元平这五天里来过两次,每次来了没一会儿,就有照琳宫的人来请,说太后有事要见。元平梨花都明白王太后不想让他们相处太多,却也没办法,不如顺水推舟,以免太引人注意。
王太后只令管事的大太监李明物派了四个宫女两个太监在嘉木院,这是一个才人的待遇,但以梨花现在的无名无份,也算不错。更何况嘉木院房子小,虽然太监晚上闭院门前是要离开的,四个宫女住进来已经显得人不少了。元平和梨花正是希望人越少越好。
四个宫女都年纪不大,以前是照琳宫的小宫女;两个太监相比之下就醒目得多,一个是以前御书房的太监郭文良,另一个是敬事房的太监董翼。这两个人在众太监里并不出色,但一直在宫里重要的地方管事,元平心里明白他们十有八九是杨缜的人。
杨缜终究还是不放心梨花。虽然查不出这个村女的破绽,但她来得特别,美得出奇,给元平递信,元平又迫使杨缜带她见驾,杨缜总觉得这中间有什么不对。就算她确实没什么问题,以她的相貌,肯定宠冠后宫,杨缜怎么会不设点伏兵在这里。
这五天来,梨花每天要在太后早朝回来之前就到照琳宫等待请安问候,然后小心地跟着看王太后的脸色,听她拉着脸教训大套大套的东西,备受折磨。

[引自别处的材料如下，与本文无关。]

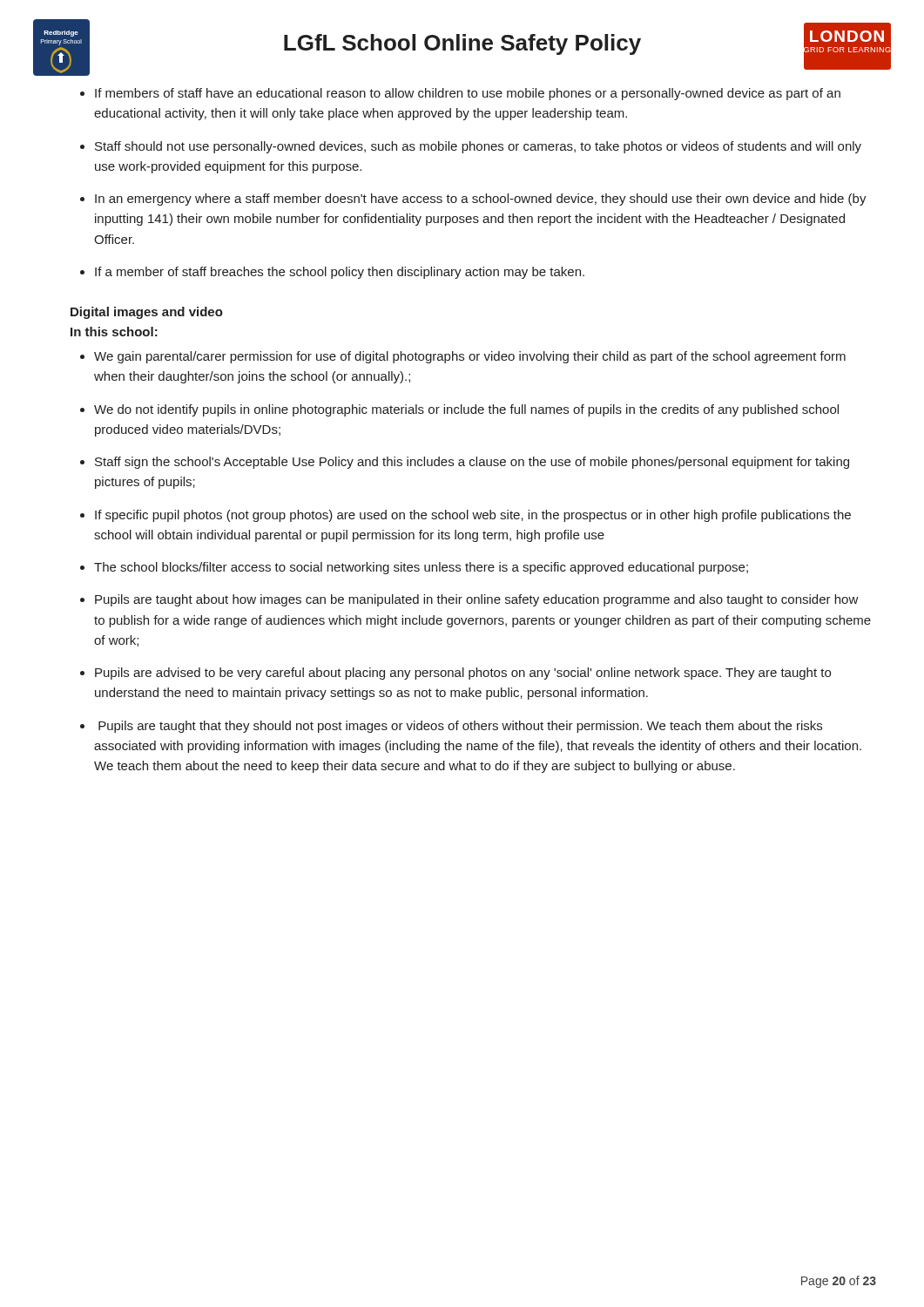The image size is (924, 1307).
Task: Find the block starting "The school blocks/filter"
Action: [422, 567]

还好她会演戏——演得杨缜都看不出破绽来。十几年来,养母颜溪教导的名伶手段和梨花的聪明天份,使得她喜怒哀乐收控自如。她继续在王太后和众人面前表现着羞怯和乖巧,一边等待和元平再谈的机会。
第六天,黄昏,元平又来了,今天下午宛如母女进宫拜见王太后,照例太后会赐留晚饭,寂寞的王太后对宛如母女向来亲厚,元平知道她们会逗留到晚间,希望王太后聊得高兴时不要再想起自己。
时值九月,嘉木院里菊花正盛,梨花自己搬了个绣墩正在太湖石边上赏菊。
这些菊花和山菊风格迥异,花大如盘,形状优雅,枝叶扶疏,香气馥郁,都是梨花从来不曾见过的。
元平刚进院门就看到了呆呆坐在花圃边的梨花,吩咐跟来的两个太监守在门外,含笑走了过去。
小宫女绣鹤端着一个红漆的茶盘过来,上面小小的一个青瓷茶杯,正要给梨花送茶,看见元平来,急忙跪地见礼。
元平笑道:“起来罢,把茶先送回屋,我自己过去。”
梨花犹自低着头细细地看一朵白菊,忽听元平大声笑道:“一朵梨花看菊花,圃边对望日渐斜。”
梨花被逗得抚掌大笑:“什么诗!如果这也算咏菊,只怕陶令盟要痛哭流涕。”
元平呆住,他第一次看见梨花的笑容,突然明白了为什么有人愿意千金换一笑。
梨花被看得有些尴尬,忙问道:“陛下没有用晚膳就过来了?”
元平笑道:“朝饮木兰之坠露兮,夕餐残菊之落英,何必用五谷肉蔬填此五脏庙乎?”
梨花又被引得笑起来,元平也笑,觉得自己平生从来没有这么快乐过。
梨花笑了会儿,对元平说:“这花真好,从没见过,比平时见的山菊太得多。“
元平道:“这花的好处不止是大小,你眼前这株白菊,垂若丝缕,不染杂色,名叫‘一捧雪’,是菊花的名种。不过,论颜色,菊花以黄为正,其次为白,所以这株白菊不算最好的,你看那里——”
元平手指靠近松树的一棵黄色菊花道:“这是‘云泥金豹’,是嘉木园里最好的,也是天下菊花的极品”
梨花听呆了,走过去细细看了一会儿,回头笑道:“哪种好哪种次是谁定下的?我怎么就看不出这株比白色的那株好在哪里?”
元平也被问住了,忍不住笑道:“你说的有理,其实哪种好,只看各人喜欢,如果你最喜欢山间一朵野菊,那野菊就是最上品。”
两个人对视视而笑,相知的喜悦漾在各自心头。
晚霞渐渐淡了,一轮明月悄悄升起。
宫女诗蕙来回梨花晚膳已经摆好,话音刚落,安福宫太监进来请元平回宫用膳。元平不舍得走,吩咐道:“就在这里用吧!把朕的晚膳取几样过来。”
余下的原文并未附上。